In November the Congregation, after a severe defeat, fled in grief from Edinburgh to Stirling, where Knox reanimated them, and they sent Lethington to England to crave assistance. Lethington, who had been in the service of the Regent, is henceforth the central figure of every intrigue. Witty, eloquent, subtle, he was indispensable, and he had one great ruling motive, to unite the crowns and peoples of England and Scotland. Unfortunately he loved the crafty exercise of his dominion over men’s minds for its own sake, and when, in some inscrutable way, he entered the clumsy plot to murder Darnley, and knew that Mary could prove his guilt, his shiftings and changes puzzle historians. In Scotland he was called Michael Wily, that is, Macchiavelli, and “the necessary evil.”
In his mission to England Lethington was successful. By December 21 the English diplomatist, Sadleyr, informed Arran that a fleet was on its way to aid the Congregation, who were sacking Paisley Abbey, and issuing proclamations in the names of Francis and Mary. The fleet arrived while the French were about to seize St Andrews (January 23, 1560), and the French plans were ruined. The Regent, who was dying, found shelter in Edinburgh Castle, which stood neutral. On February 27, 1560, at Berwick, the Congregation entered into a regular league with England, Elizabeth appearing as Protectress of Scotland, while the marriage of Mary and Francis endured.
Meanwhile, owing to the Huguenot disturbances in France (such as the Tumult of Amboise, directed against the lives of Mary’s uncles the Cardinal and Duc de Guise), Mary and Francis could not help the Regent, and Huntly, a Catholic, presently, as if in fear of the western clans, joined the Congregation.

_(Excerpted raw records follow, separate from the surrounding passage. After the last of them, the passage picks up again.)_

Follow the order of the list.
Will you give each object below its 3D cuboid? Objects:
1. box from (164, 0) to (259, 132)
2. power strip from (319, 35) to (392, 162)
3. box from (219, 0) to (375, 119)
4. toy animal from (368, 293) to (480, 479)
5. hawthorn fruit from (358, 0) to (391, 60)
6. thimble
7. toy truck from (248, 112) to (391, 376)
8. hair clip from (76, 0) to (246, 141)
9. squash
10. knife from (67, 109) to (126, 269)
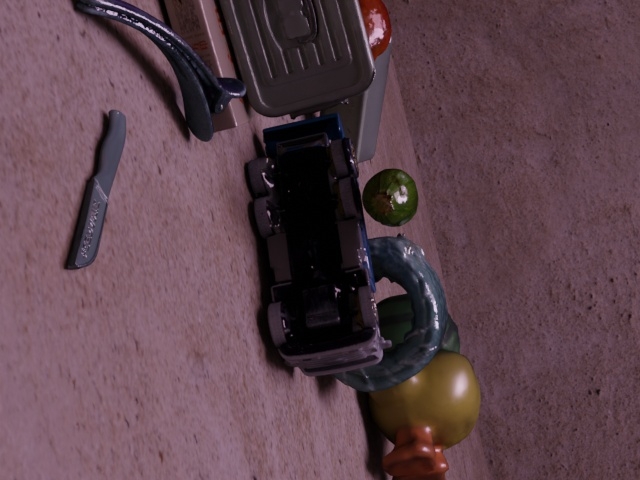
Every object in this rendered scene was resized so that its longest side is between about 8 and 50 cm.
[{"bbox_3d":[-0.114,-0.263,1.361,0.365,0.051,0.205,-54,131,-73],"label":"box"},{"bbox_3d":[0.037,-0.284,1.814,0.193,0.059,0.265,46,-38,40],"label":"power strip"},{"bbox_3d":[-0.033,-0.281,1.284,0.135,0.163,0.243,-86,160,-77],"label":"box"},{"bbox_3d":[0.176,0.249,1.784,0.216,0.191,0.338,58,22,-54],"label":"toy animal"},{"bbox_3d":[-0.022,-0.337,1.596,0.243,0.207,0.207,32,30,-15],"label":"hawthorn fruit"},{"bbox_3d":[0.092,0.102,1.527,0.143,0.198,0.235,2,105,-77],"label":"thimble"},{"bbox_3d":[0.000,0.000,1.388,0.175,0.146,0.367,62,19,-61],"label":"toy truck"},{"bbox_3d":[-0.163,-0.194,1.067,0.048,0.083,0.275,38,-2,30],"label":"hair clip"},{"bbox_3d":[0.094,-0.056,1.365,0.219,0.068,0.077,24,73,-82],"label":"squash"},{"bbox_3d":[-0.191,-0.045,0.897,0.210,0.015,0.028,-89,168,-46],"label":"knife"}]

Mary of Guise had found the great northern chief treacherous, and had disgraced him, and untrustworthy he continued to be. On May 7 the garrison of Leith defeated with heavy loss an Anglo-Scottish attack on the walls; but on June 16 the Regent made a good end, in peace with all men. She saw Chatelherault, James Stewart, and the Earl Marischal; she listened patiently to the preacher Willock; she bade farewell to all, and died, a notable woman, crushed by an impossible task. The garrison of Leith, meanwhile, was starving on rats and horseflesh: negotiations began, and ended in the Treaty of Edinburgh (July 6, 1560).
This Treaty, as between Mary, Queen of France and Scotland, on one hand, and England on the other, was never ratified by Mary Stuart: she appears to have thought that one clause implied her abandonment of all her claims to the English succession, typified by her quartering of the Royal English arms on her own shield. Thus there never was nor could be amity between her and her sister and her foe, Elizabeth, who was justly aggrieved by her assumption of the English arms, while Elizabeth quartered the arms of France. Again, the ratification of the Treaty as regarded Mary’s rebels depended on their fulfilling certain clauses which, in fact, they instantly violated.